Write out everything in the records exactly, apart from the pictures.

--------------------------------------------------

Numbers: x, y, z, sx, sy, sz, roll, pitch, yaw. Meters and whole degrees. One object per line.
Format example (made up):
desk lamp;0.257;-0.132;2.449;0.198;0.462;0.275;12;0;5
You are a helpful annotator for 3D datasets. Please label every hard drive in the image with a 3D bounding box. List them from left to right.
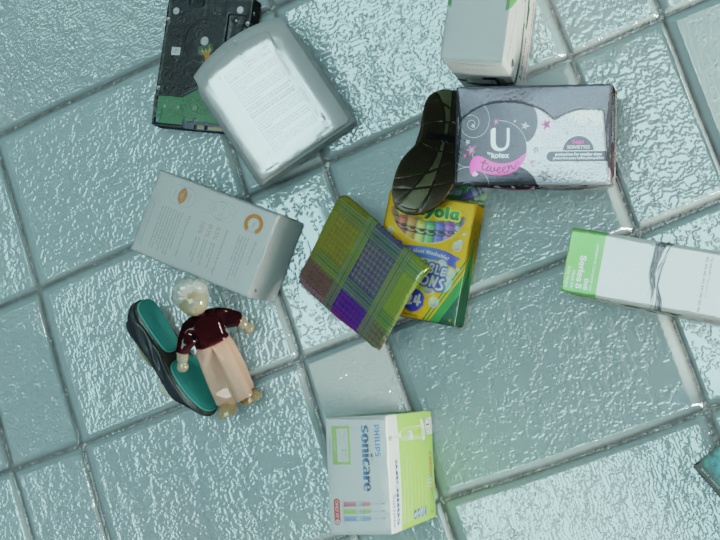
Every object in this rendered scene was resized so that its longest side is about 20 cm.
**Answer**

--------------------------------------------------

TASK SOLUTION>
Numbers: x, y, z, sx, sy, sz, roll, pitch, yaw. Meters and whole degrees. One object per line.
Format example (made up):
desk lamp;0.257;-0.132;2.449;0.198;0.462;0.275;12;0;5
You are a helpful annotator for 3D datasets. Please label every hard drive in the image with a 3D bounding box. List them from left to right.
Every object in this rendered scene was resized so that its longest side is about 20 cm.
**Answer**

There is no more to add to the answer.